### YOUR GOAL
Skip the pictures. Retype exactly, and only, the lines between the line holding "Metres and whole degrees." and the last line below, inclusive.

### INPUT RECORDS
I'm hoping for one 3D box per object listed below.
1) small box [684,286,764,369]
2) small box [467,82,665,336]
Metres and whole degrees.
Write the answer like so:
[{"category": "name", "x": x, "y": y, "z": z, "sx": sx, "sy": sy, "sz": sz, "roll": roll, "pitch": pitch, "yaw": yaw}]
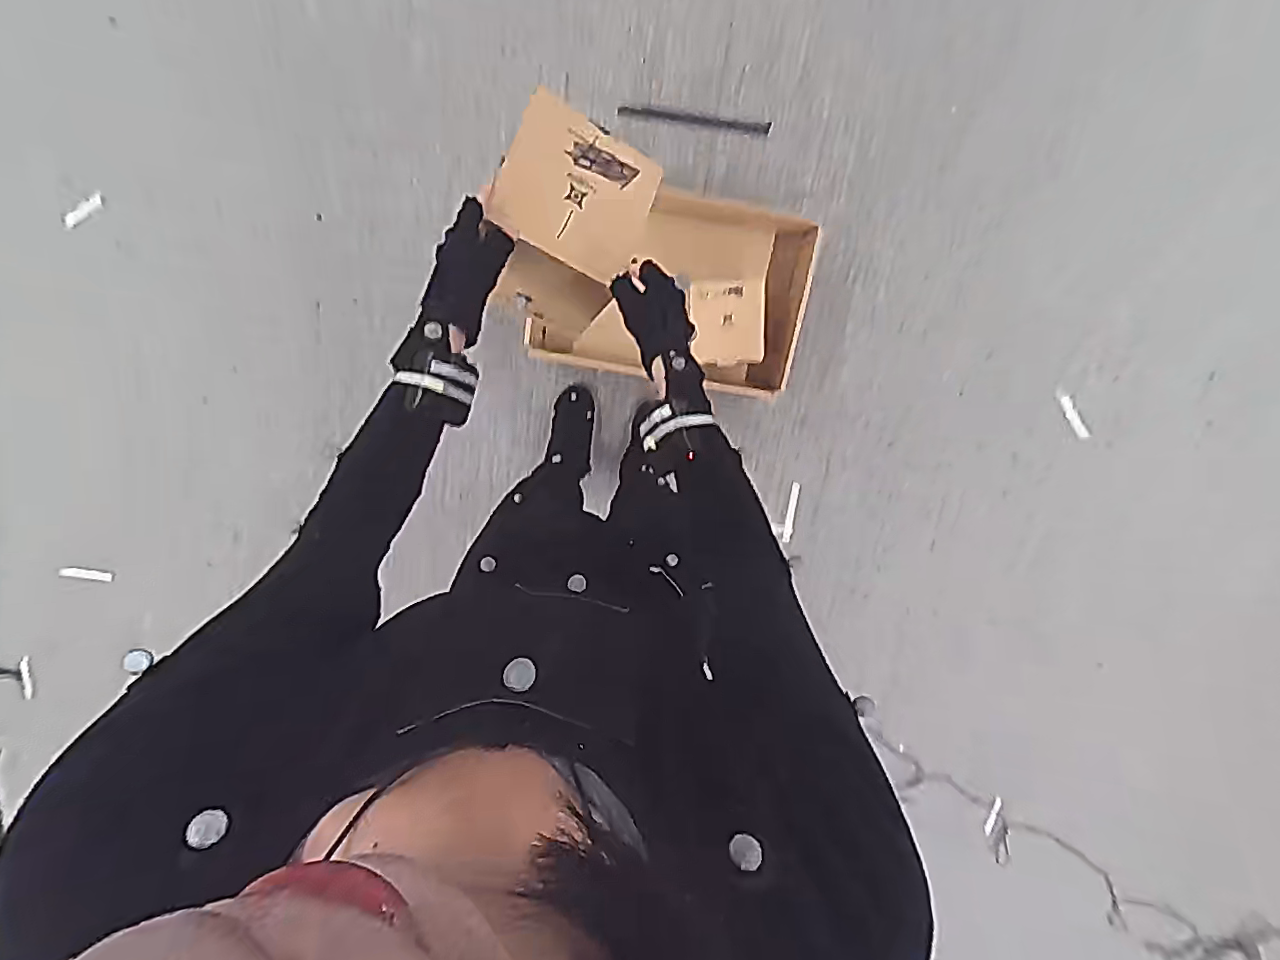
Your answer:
[{"category": "small box", "x": 0.192, "y": -0.357, "z": 1.276, "sx": 0.168, "sy": 0.176, "sz": 0.179, "roll": -2, "pitch": 104, "yaw": 1}, {"category": "small box", "x": -0.097, "y": -0.307, "z": 0.654, "sx": 0.168, "sy": 0.176, "sz": 0.179, "roll": 23, "pitch": 76, "yaw": -20}]
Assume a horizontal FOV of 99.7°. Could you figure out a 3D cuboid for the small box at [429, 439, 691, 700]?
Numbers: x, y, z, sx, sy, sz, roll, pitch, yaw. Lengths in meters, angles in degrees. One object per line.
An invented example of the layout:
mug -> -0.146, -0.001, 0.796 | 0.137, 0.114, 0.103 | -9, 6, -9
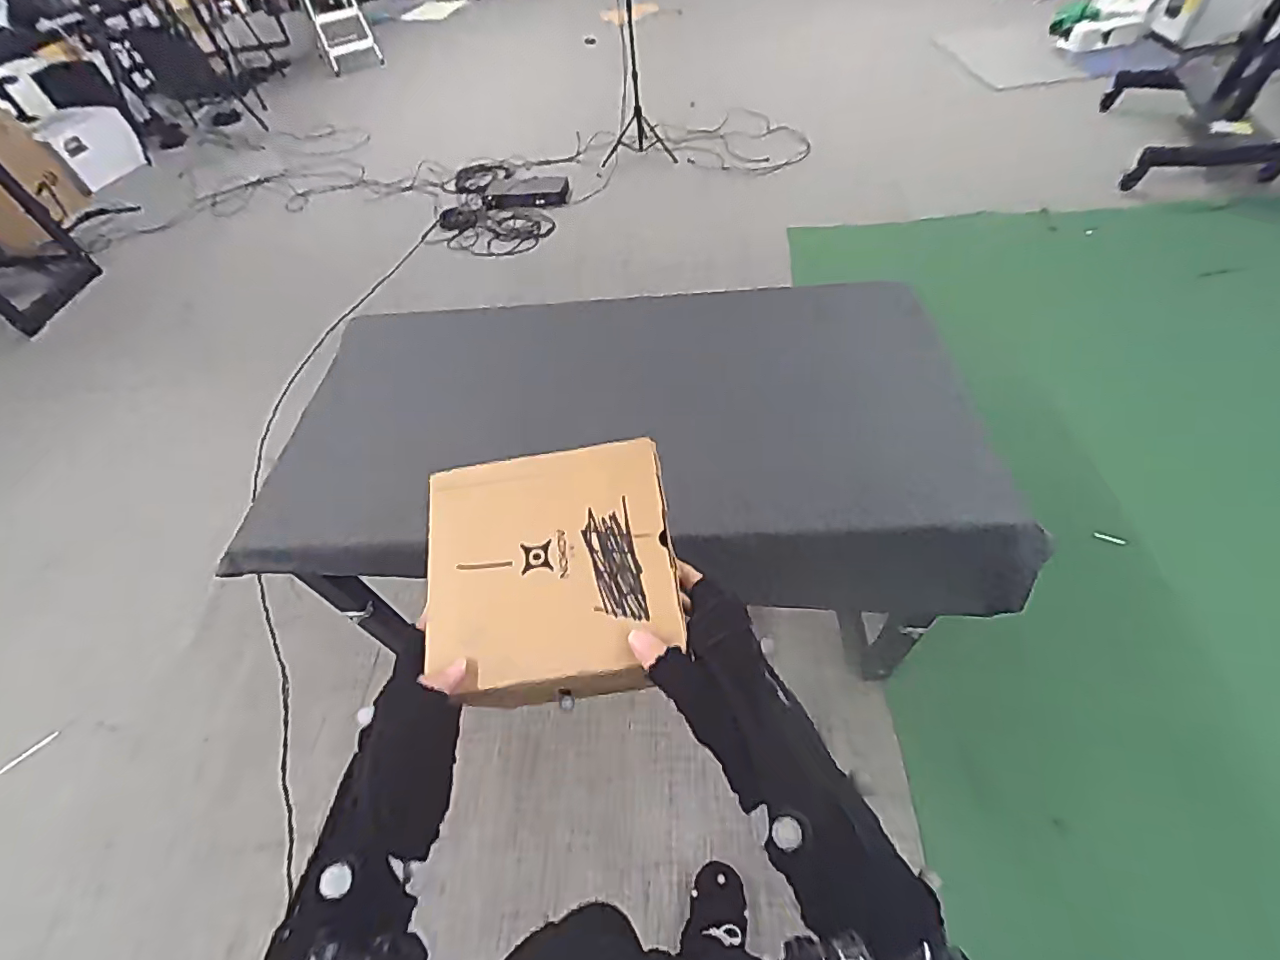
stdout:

### RESULT OF THIS EXERCISE
Metres and whole degrees.
Write the answer like so:
[{"category": "name", "x": x, "y": y, "z": z, "sx": sx, "sy": sy, "sz": sz, "roll": roll, "pitch": pitch, "yaw": yaw}]
Your answer:
[{"category": "small box", "x": 0.192, "y": -0.357, "z": 1.276, "sx": 0.168, "sy": 0.176, "sz": 0.179, "roll": -2, "pitch": 104, "yaw": 1}, {"category": "small box", "x": -0.097, "y": -0.307, "z": 0.654, "sx": 0.168, "sy": 0.176, "sz": 0.179, "roll": 23, "pitch": 76, "yaw": -20}]
Assume a horizontal FOV of 99.7°. Could you figure out a 3D cuboid for the small box at [429, 439, 691, 700]?
Numbers: x, y, z, sx, sy, sz, roll, pitch, yaw. Lengths in meters, angles in degrees. One object per line.
An invented example of the layout:
mug -> -0.146, -0.001, 0.796 | 0.137, 0.114, 0.103 | -9, 6, -9
stdout:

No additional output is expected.